Task requirements
Please copy the entries below word for word, leaving out any image.

START Data to process

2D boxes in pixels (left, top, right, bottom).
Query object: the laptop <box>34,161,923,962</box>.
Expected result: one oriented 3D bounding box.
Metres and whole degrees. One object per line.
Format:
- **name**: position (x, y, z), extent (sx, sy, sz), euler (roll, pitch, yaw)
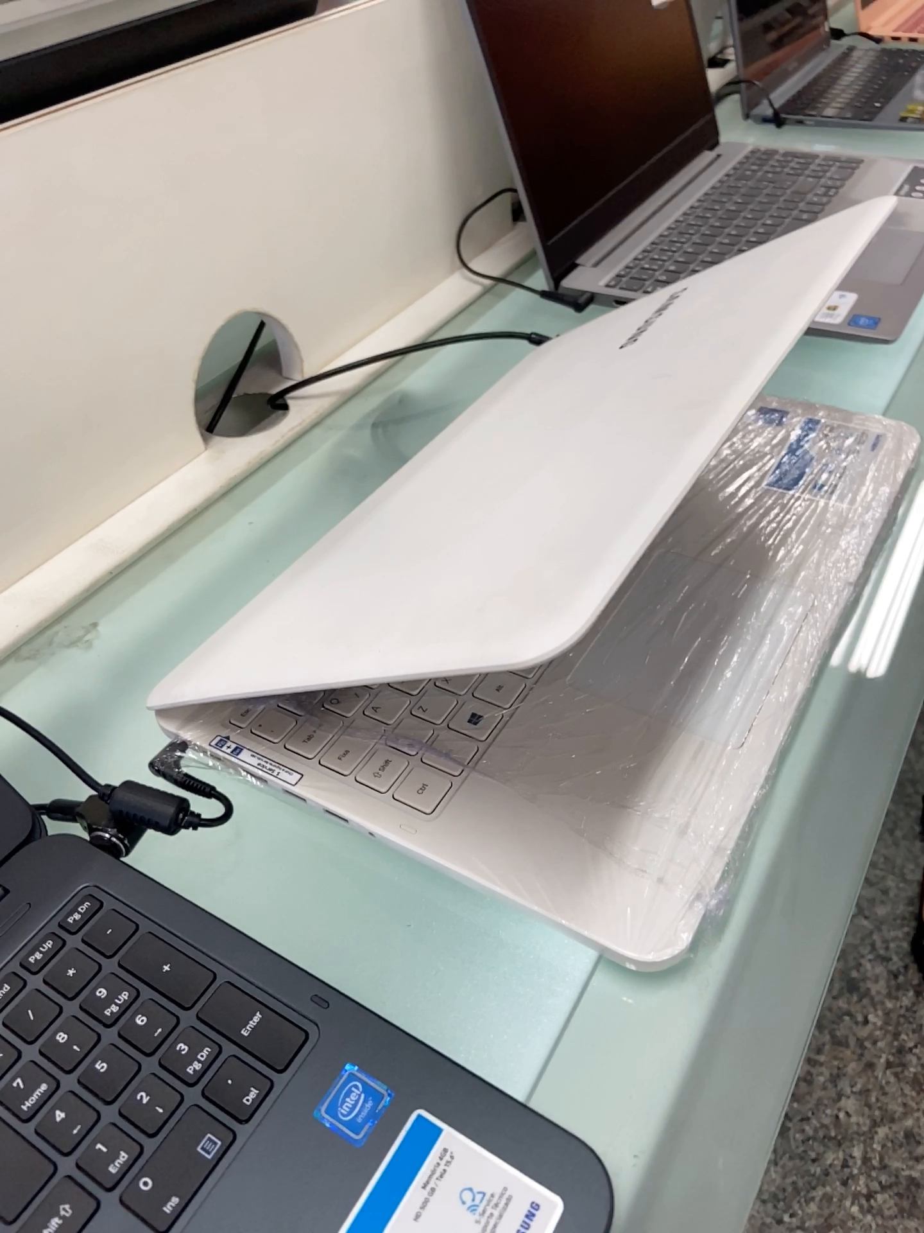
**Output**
- **laptop**: position (0.052, -0.081, 0.444), extent (0.247, 0.129, 0.374), euler (18, 46, 26)
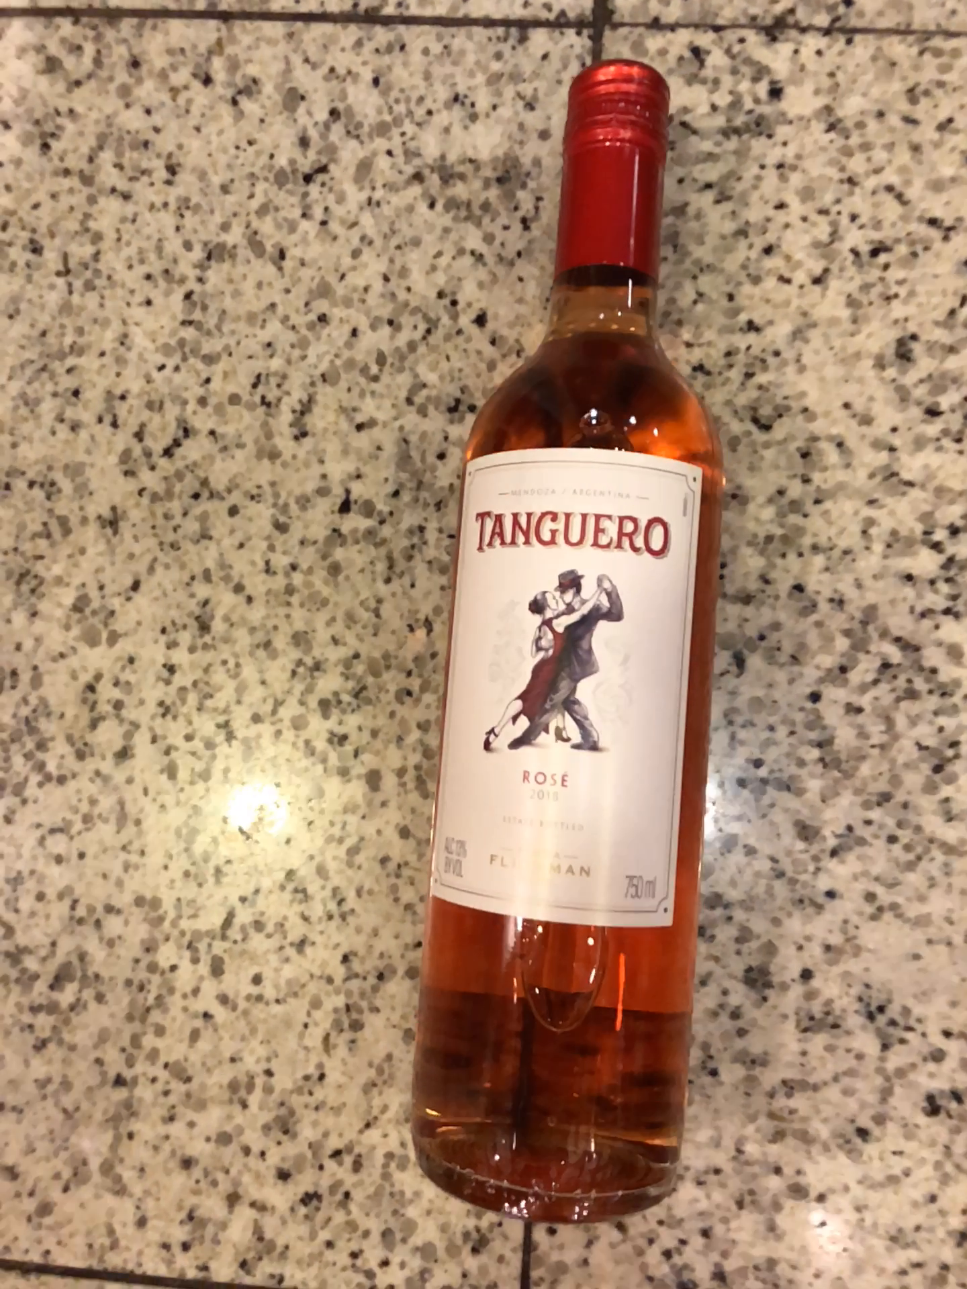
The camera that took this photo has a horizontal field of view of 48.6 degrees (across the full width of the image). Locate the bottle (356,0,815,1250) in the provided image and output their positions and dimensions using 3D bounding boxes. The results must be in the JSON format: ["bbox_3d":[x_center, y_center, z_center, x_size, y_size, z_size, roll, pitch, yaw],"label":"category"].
[{"bbox_3d":[0.028,-0.024,0.286,0.090,0.060,0.320,4,86,4],"label":"bottle"}]
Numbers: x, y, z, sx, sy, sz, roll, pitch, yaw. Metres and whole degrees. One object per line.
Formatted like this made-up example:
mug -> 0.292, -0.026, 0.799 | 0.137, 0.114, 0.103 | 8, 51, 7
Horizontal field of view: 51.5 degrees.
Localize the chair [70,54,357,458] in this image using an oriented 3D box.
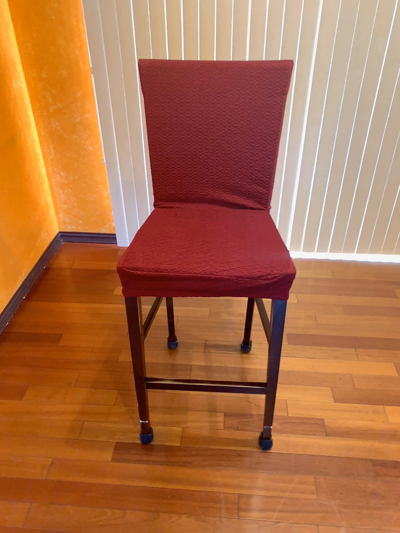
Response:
chair -> 0.027, 0.001, 1.176 | 0.470, 1.027, 0.506 | 2, 34, 2
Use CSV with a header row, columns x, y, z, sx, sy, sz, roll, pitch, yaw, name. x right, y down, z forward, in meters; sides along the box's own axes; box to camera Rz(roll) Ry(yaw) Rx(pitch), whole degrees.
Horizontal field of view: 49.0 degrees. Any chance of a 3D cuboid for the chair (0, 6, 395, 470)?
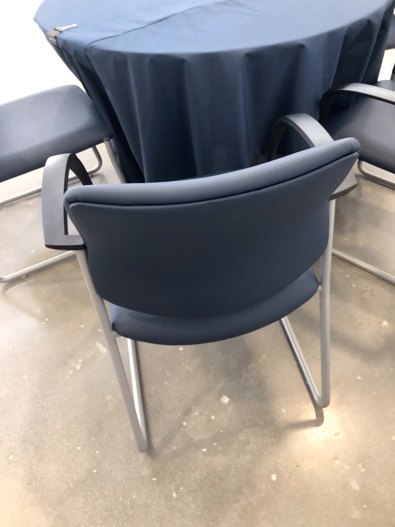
x,y,z,sx,sy,sz,roll,pitch,yaw,name
-0.013,-0.055,1.058,0.640,0.765,0.674,-12,46,-5,chair
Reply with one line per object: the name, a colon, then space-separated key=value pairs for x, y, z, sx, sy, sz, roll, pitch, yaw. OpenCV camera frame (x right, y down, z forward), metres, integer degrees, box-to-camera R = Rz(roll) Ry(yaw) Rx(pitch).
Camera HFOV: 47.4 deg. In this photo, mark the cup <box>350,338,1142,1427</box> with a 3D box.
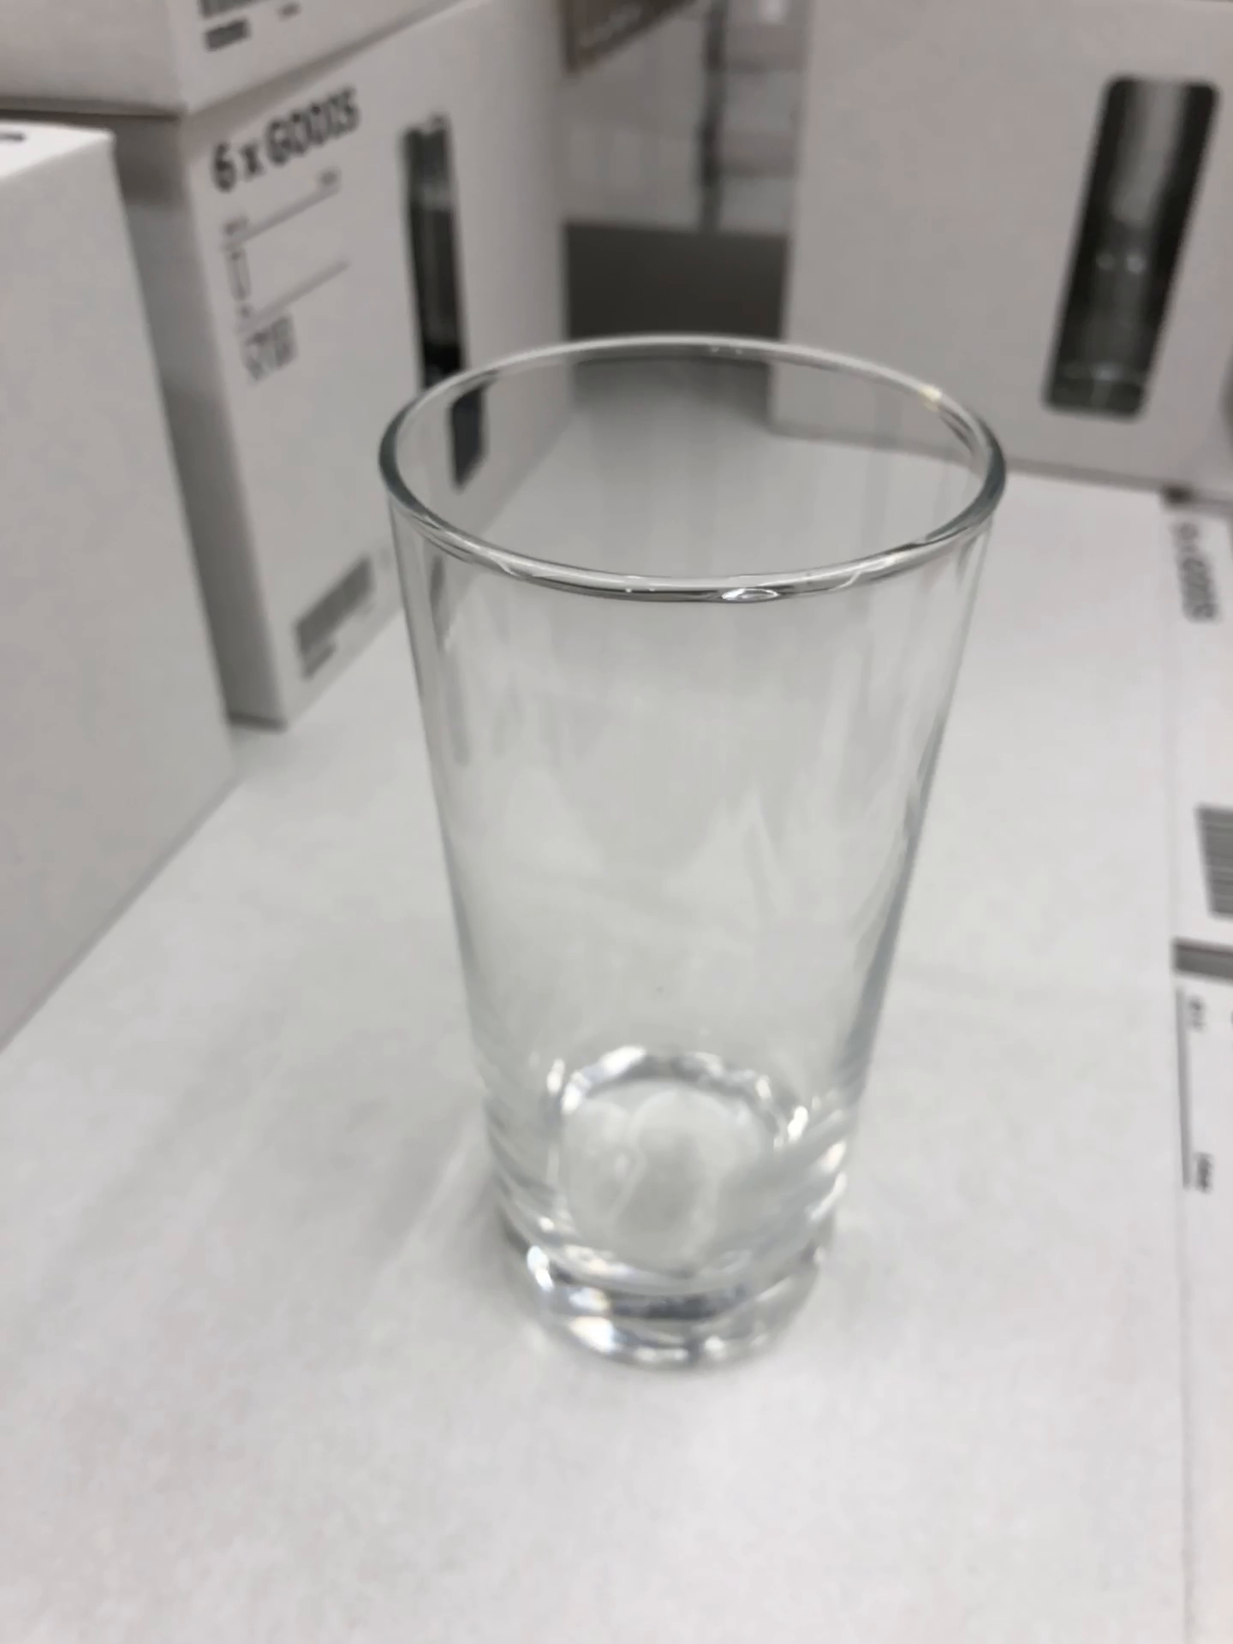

END Data to process

Written answer
2D boxes in pixels (left, top, right, bottom).
Query object: the laptop <box>34,161,923,962</box>.
Expected result: one oriented 3D bounding box.
Metres and whole degrees. One object per line.
Format:
- **name**: position (x, y, z), extent (sx, sy, sz), euler (roll, pitch, yaw)
**Output**
- **laptop**: position (0.052, -0.081, 0.444), extent (0.247, 0.129, 0.374), euler (18, 46, 26)
The camera that took this photo has a horizontal field of view of 48.6 degrees (across the full width of the image). Locate the bottle (356,0,815,1250) in the provided image and output their positions and dimensions using 3D bounding boxes. The results must be in the JSON format: ["bbox_3d":[x_center, y_center, z_center, x_size, y_size, z_size, roll, pitch, yaw],"label":"category"].
[{"bbox_3d":[0.028,-0.024,0.286,0.090,0.060,0.320,4,86,4],"label":"bottle"}]
Numbers: x, y, z, sx, sy, sz, roll, pitch, yaw. Metres and whole degrees. One object per line.
Formatted like this made-up example:
mug -> 0.292, -0.026, 0.799 | 0.137, 0.114, 0.103 | 8, 51, 7
Horizontal field of view: 51.5 degrees.
Localize the chair [70,54,357,458] in this image using an oriented 3D box.
Response:
chair -> 0.027, 0.001, 1.176 | 0.470, 1.027, 0.506 | 2, 34, 2
Use CSV with a header row, columns x, y, z, sx, sy, sz, roll, pitch, yaw, name. x right, y down, z forward, in meters; sides along the box's own axes; box to camera Rz(roll) Ry(yaw) Rx(pitch), whole degrees.
Horizontal field of view: 49.0 degrees. Any chance of a 3D cuboid for the chair (0, 6, 395, 470)?
x,y,z,sx,sy,sz,roll,pitch,yaw,name
-0.013,-0.055,1.058,0.640,0.765,0.674,-12,46,-5,chair
Reply with one line per object: the name, a colon, then space-separated key=value pairs for x, y, z, sx, sy, sz, roll, pitch, yaw. OpenCV camera frame (x right, y down, z forward), metres, integer degrees, box-to-camera R = Rz(roll) Ry(yaw) Rx(pitch).
Camera HFOV: 47.4 deg. In this photo, mark the cup <box>350,338,1142,1427</box> with a 3D box.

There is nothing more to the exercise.